What is required: Scan the entries below for the word "Prepared", then copy each line that holds it.

Source data:
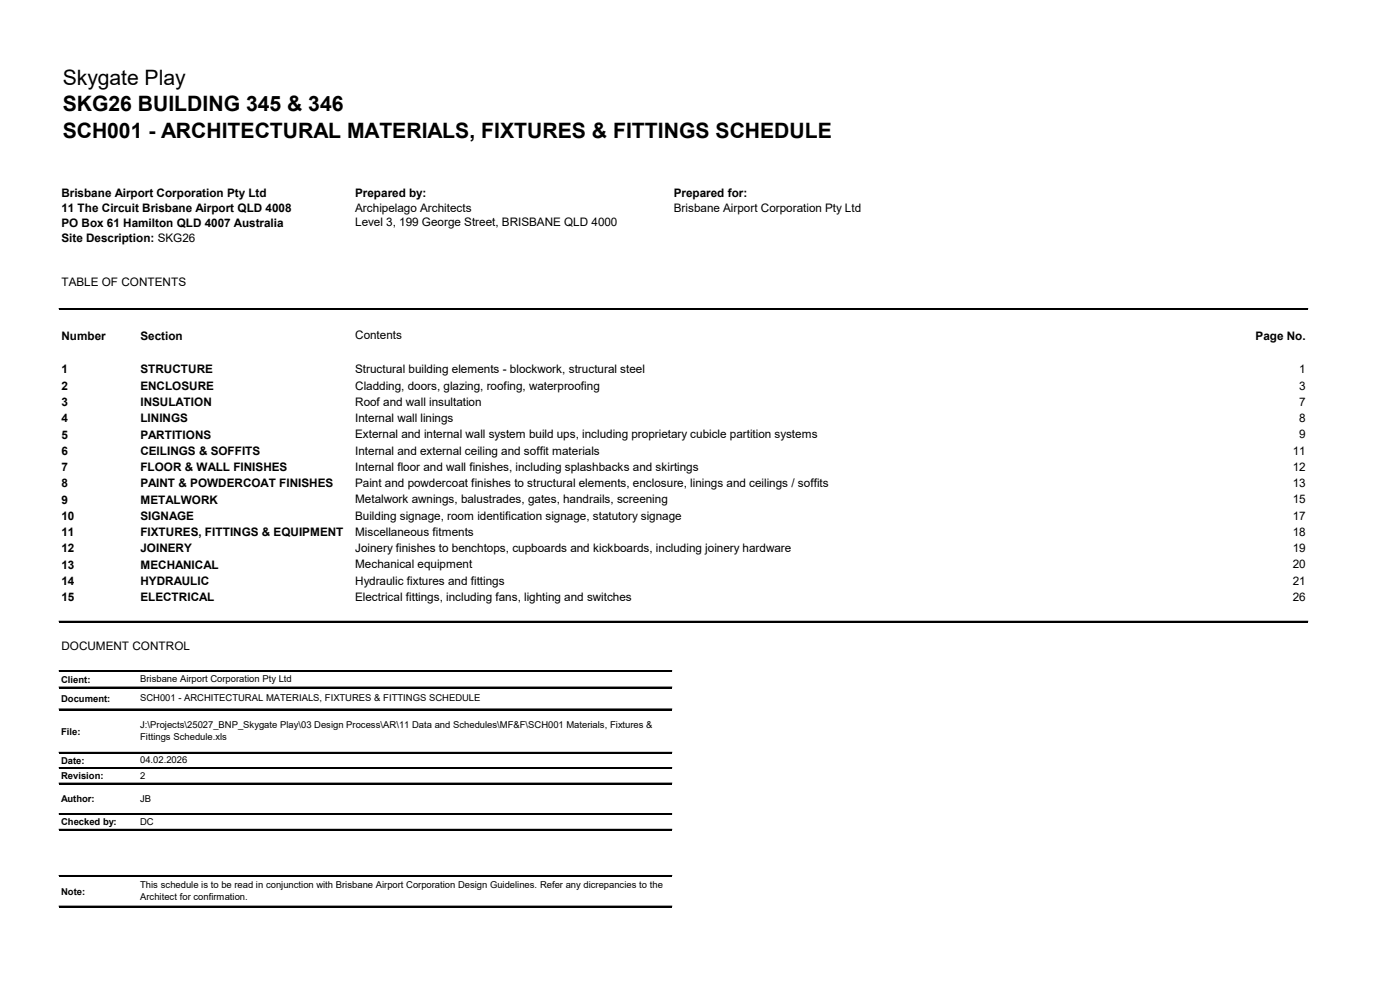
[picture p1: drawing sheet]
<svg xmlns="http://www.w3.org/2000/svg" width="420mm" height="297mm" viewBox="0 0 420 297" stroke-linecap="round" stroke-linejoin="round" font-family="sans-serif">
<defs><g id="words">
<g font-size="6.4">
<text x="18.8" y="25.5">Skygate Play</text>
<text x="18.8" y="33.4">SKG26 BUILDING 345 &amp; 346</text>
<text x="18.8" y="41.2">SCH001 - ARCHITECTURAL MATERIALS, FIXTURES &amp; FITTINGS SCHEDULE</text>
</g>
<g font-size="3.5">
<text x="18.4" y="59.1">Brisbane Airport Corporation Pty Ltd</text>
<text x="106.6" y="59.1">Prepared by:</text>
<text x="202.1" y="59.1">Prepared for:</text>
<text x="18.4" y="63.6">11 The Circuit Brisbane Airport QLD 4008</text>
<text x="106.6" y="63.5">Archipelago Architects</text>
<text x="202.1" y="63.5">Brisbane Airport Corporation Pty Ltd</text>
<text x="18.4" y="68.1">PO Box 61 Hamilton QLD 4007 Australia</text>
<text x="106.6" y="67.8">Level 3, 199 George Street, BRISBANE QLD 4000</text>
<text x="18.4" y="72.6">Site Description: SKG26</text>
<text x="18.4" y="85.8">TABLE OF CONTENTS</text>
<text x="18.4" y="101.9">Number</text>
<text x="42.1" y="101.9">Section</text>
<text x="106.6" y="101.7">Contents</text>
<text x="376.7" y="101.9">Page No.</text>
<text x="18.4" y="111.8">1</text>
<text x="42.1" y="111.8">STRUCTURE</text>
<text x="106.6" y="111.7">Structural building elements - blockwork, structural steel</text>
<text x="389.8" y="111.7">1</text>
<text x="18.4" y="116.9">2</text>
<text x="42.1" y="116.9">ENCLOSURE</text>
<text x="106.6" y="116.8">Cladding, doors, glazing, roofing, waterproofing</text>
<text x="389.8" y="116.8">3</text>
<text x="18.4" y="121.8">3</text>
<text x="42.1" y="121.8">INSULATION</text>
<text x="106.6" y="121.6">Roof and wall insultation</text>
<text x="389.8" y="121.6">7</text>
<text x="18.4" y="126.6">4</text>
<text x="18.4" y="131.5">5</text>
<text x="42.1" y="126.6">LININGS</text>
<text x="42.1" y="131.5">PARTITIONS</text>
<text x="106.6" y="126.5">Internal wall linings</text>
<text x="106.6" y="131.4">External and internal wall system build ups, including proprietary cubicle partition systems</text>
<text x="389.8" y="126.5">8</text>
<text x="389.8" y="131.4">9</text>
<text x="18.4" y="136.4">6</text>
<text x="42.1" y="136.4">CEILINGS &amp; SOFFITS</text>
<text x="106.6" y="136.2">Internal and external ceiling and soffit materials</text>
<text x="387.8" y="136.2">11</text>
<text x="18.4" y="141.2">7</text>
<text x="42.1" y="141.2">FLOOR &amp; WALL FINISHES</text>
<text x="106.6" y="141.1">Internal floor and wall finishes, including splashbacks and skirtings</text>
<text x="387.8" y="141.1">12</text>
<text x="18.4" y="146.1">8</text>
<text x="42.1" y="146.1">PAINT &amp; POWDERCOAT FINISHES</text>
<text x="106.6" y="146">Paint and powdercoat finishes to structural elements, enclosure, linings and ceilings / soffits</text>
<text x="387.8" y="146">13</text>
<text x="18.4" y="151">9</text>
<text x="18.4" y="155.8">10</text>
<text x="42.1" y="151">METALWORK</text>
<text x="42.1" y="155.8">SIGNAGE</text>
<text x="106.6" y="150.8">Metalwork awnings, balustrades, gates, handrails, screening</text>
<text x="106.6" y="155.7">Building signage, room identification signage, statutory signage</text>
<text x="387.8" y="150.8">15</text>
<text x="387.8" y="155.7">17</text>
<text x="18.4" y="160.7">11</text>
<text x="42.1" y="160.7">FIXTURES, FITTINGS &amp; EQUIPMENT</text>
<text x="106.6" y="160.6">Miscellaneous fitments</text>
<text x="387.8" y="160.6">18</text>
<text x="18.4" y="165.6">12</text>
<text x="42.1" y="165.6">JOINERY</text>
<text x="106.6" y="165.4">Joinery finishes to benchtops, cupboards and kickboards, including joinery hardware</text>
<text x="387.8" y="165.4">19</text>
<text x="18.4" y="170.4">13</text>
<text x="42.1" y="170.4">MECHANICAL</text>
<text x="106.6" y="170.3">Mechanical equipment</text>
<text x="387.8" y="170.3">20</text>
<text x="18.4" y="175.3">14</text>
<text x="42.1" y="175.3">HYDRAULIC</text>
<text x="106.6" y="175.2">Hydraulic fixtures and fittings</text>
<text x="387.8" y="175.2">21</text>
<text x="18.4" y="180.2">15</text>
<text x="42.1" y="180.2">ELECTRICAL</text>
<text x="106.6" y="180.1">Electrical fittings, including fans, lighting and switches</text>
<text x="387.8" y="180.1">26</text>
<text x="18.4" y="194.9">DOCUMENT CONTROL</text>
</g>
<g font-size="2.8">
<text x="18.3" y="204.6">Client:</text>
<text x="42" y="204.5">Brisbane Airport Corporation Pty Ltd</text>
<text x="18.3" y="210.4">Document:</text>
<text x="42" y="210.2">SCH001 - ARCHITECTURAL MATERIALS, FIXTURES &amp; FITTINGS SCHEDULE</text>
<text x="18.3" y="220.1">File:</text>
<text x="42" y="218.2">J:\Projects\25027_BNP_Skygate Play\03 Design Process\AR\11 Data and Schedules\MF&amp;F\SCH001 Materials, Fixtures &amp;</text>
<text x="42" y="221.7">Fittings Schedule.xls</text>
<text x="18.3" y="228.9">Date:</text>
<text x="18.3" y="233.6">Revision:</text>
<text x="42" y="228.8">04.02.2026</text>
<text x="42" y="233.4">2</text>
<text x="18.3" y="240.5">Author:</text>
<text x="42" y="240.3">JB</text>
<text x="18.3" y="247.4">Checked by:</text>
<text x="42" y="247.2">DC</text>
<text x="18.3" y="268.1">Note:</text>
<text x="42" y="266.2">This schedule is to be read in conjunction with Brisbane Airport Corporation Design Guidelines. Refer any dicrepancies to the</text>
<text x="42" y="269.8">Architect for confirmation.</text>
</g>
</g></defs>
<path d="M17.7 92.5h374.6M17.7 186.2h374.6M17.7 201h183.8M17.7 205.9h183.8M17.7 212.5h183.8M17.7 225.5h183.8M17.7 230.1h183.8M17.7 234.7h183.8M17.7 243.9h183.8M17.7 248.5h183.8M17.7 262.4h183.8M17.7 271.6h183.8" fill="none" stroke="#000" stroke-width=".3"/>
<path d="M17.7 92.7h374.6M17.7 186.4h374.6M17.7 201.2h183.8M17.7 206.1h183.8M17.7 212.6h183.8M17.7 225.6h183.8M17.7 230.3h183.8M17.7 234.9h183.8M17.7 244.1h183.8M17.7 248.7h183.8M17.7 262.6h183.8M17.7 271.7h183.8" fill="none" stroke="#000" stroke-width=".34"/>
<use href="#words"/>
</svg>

Written solution:
<text x="106.6" y="59.1">Prepared by:</text>
<text x="202.1" y="59.1">Prepared for:</text>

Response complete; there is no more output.